Pelos, plumas y fibras
Vamos a montar la caña, unir el jig a la línea y lanzarlo allá donde nuestra intuición nos sugiere que hay un pez. En primer lugar, hay que decir que para pescar con este tipo de jigs en la modalidad de lanzado no necesitamos un equipo sustancialmente diferente al que utilizamos con el resto de señuelos utilizados para pescar a spinning. La longitud de la caña, las dimensiones y características del carrete y el multifilamento empleado como línea principal no tienen por qué dejar de ser los mismos que para el resto de situaciones del lance ligero, y únicamente habría que considerar dos recomendaciones en relación a la caña. Por un lado que esté dentro del rango de acción de pesos que pretendemos lanzar (lo más usual va de los 14 a los 85 gramos) y por otro que presente algo de rigidez en su tramo superior. Las cañas excesivamente blandas hacen que perdamos a menudo el control del jig al accionarlo en base a tirones, y que realmente sea éste el que mande sobre la caña y no a la inversa.

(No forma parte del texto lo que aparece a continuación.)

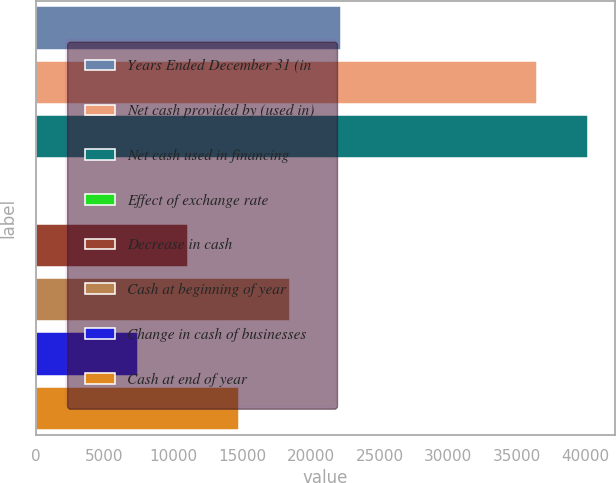Convert chart to OTSL. <chart><loc_0><loc_0><loc_500><loc_500><bar_chart><fcel>Years Ended December 31 (in<fcel>Net cash provided by (used in)<fcel>Net cash used in financing<fcel>Effect of exchange rate<fcel>Decrease in cash<fcel>Cash at beginning of year<fcel>Change in cash of businesses<fcel>Cash at end of year<nl><fcel>22167.2<fcel>36448<fcel>40137.7<fcel>29<fcel>11098.1<fcel>18477.5<fcel>7408.4<fcel>14787.8<nl></chart>

Hasta aquí y con todo lo apuntado hemos pretendido dar una visión más o menos amplia y general de lo que implica el empleo de cabezas plomadas en la pesca con señuelos a lance ligero. Los jigs de pelo, pluma, vinilo o similares constituyen una alternativa más que valida a los señuelos nadadores más tradicionales e implican, a partir de su sencillez de montaje, una opción de manufactura propia y entretenimiento nada desdeñables en la tarea de mantener nuestra afición intacta aun cuando las vicisitudes nos alejan del mar. La versatilidad y eficacia que proporciona el empleo de estos jigs con toda clase de depredadores marinos está más que comprobada. Además son económicos y se prestan a la belleza. Buenos, bonitos y baratos, la triple “b”. ¿Quién da más?